The lines to output run from the first line of the entries below through the line containing "Answer: 25% Which"; copy them exactly and leave out pictures.

*** Available data

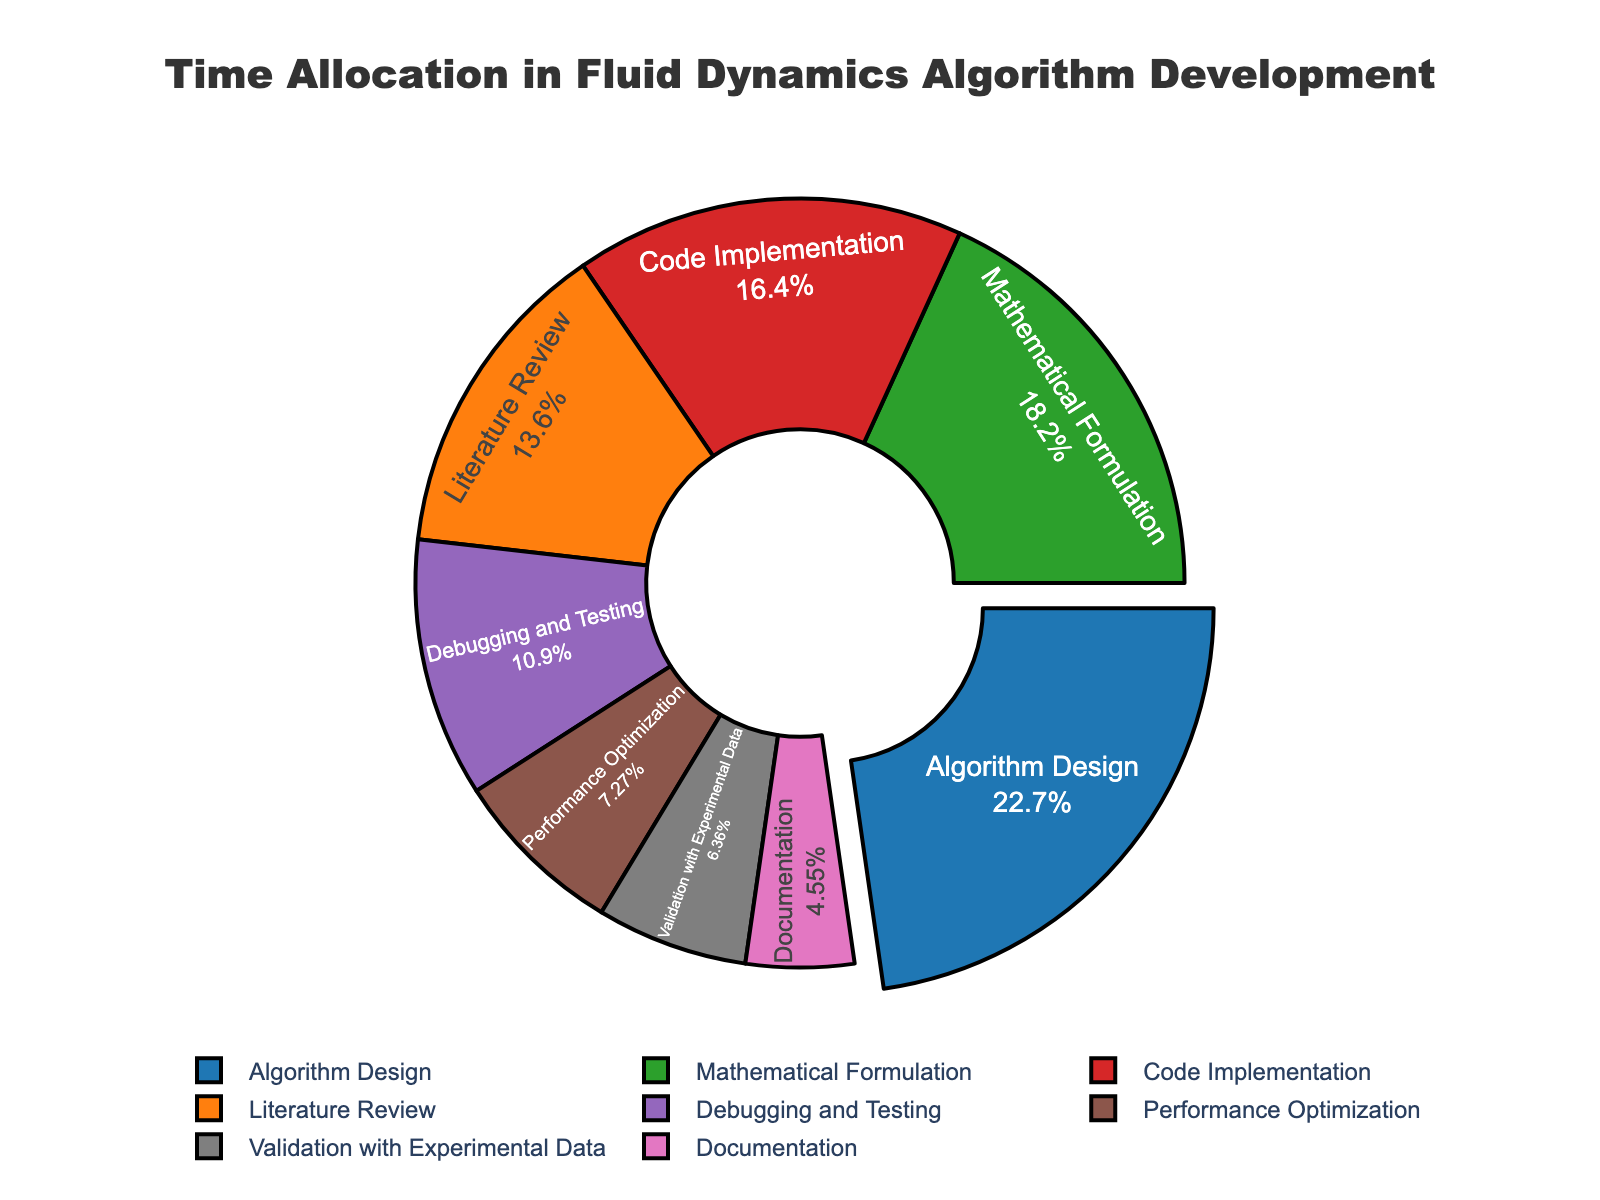What percentage of time is spent on Algorithm Design? The figure indicates that Algorithm Design takes up 25% of the total time.
Answer: 25% Which phase requires more time, Code Implementation or Debugging and Testing? The figure shows that Code Implementation has 18% and Debugging and Testing has 12%. Since 18 is greater than 12, Code Implementation requires more time.
Answer: Code Implementation What is the combined percentage of time spent on Mathematical Formulation and Performance Optimization? The figure shows 20% for Mathematical Formulation and 8% for Performance Optimization. Adding these together, 20 + 8 = 28%.
Answer: 28% Which phase is represented by the largest section of the pie chart? The figure shows various sections with their percentages clearly labeled. The largest percentage shown is for Algorithm Design at 25%.
Answer: Algorithm Design How much more time is spent on Literature Review compared to Documentation? The figure shows 15% for Literature Review and 5% for Documentation. The difference is 15% - 5% = 10%.
Answer: 10% Is the time allocated to Validation with Experimental Data higher or lower than Performance Optimization? The figure shows 7% for Validation with Experimental Data and 8% for Performance Optimization. Since 7% is less than 8%, Validation with Experimental Data is lower.
Answer: Lower What is the ratio of the time spent on Code Implementation to the time spent on Debugging and Testing? The figure shows 18% for Code Implementation and 12% for Debugging and Testing. The ratio is 18:12. Simplifying it, we get 3:2.
Answer: 3:2 What is the percentage of time spent on phases other than Algorithm Design? The figure shows Algorithm Design at 25%. Therefore, the percentage of time spent on other phases is 100% - 25% = 75%.
Answer: 75% How many phases have a time allocation less than 10%? The figure shows Performance Optimization at 8%, Documentation at 5%, and Validation with Experimental Data at 7%. These are the phases with less than 10%. There are 3 such phases.
Answer: 3 
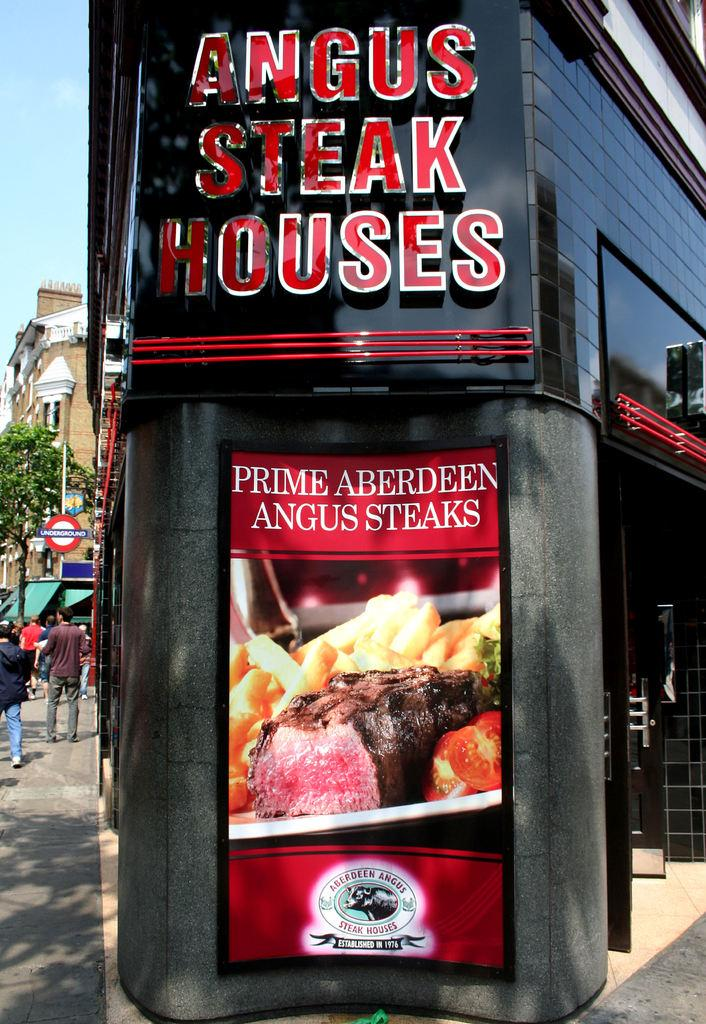Provide a one-sentence caption for the provided image. Large advertisement for a steak restaurant, Prime Aberdeen Angus steaks. 
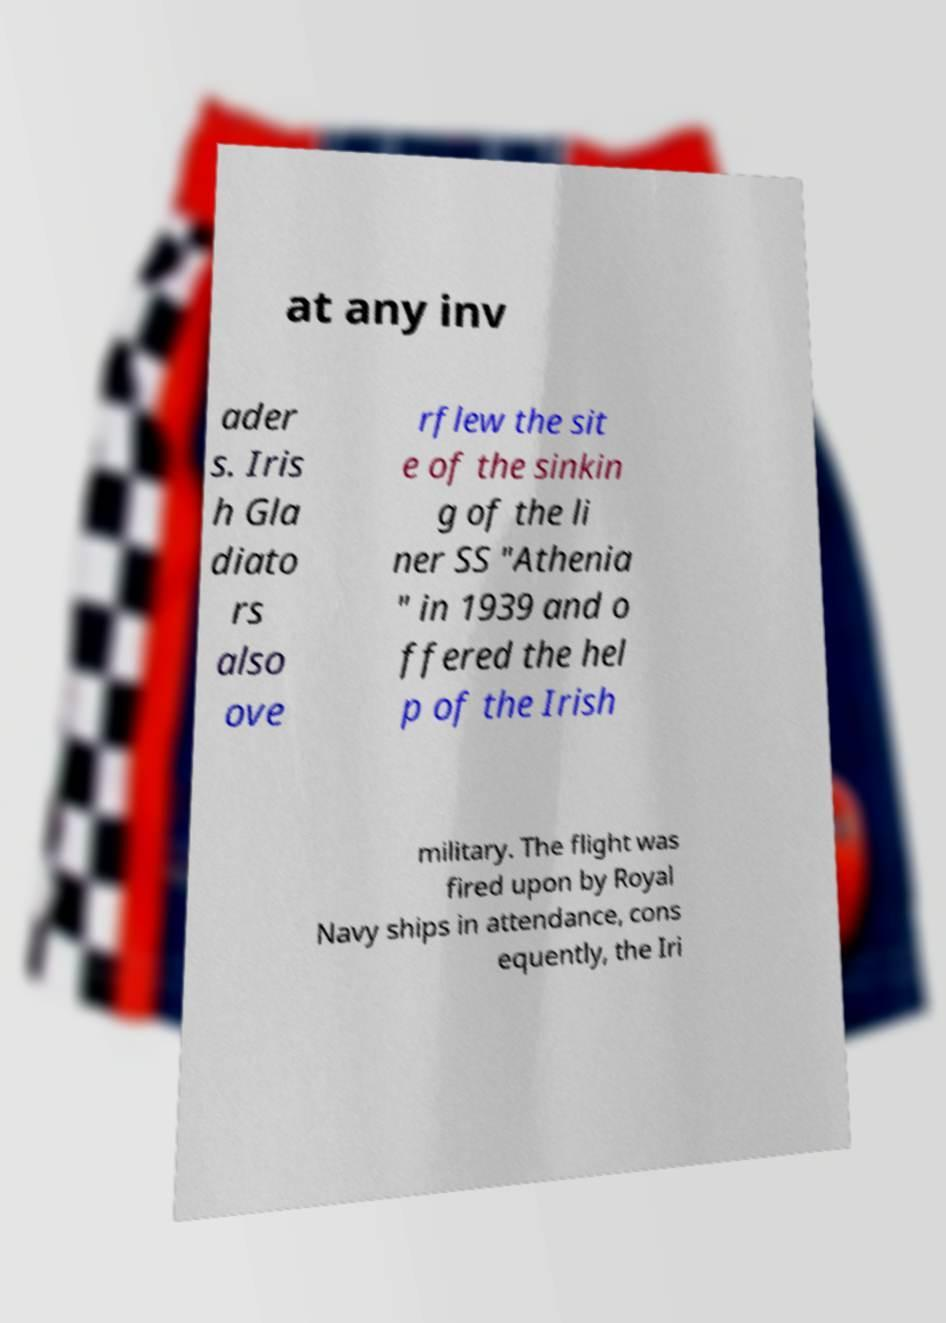Please identify and transcribe the text found in this image. at any inv ader s. Iris h Gla diato rs also ove rflew the sit e of the sinkin g of the li ner SS "Athenia " in 1939 and o ffered the hel p of the Irish military. The flight was fired upon by Royal Navy ships in attendance, cons equently, the Iri

******

> [Response box]
What percentage of time is spent on Algorithm Design? The figure indicates that Algorithm Design takes up 25% of the total time.
Answer: 25% Which phase requires more time, Code Implementation or Debugging and Testing? The figure shows that Code Implementation has 18% and Debugging and Testing has 12%. Since 18 is greater than 12, Code Implementation requires more time.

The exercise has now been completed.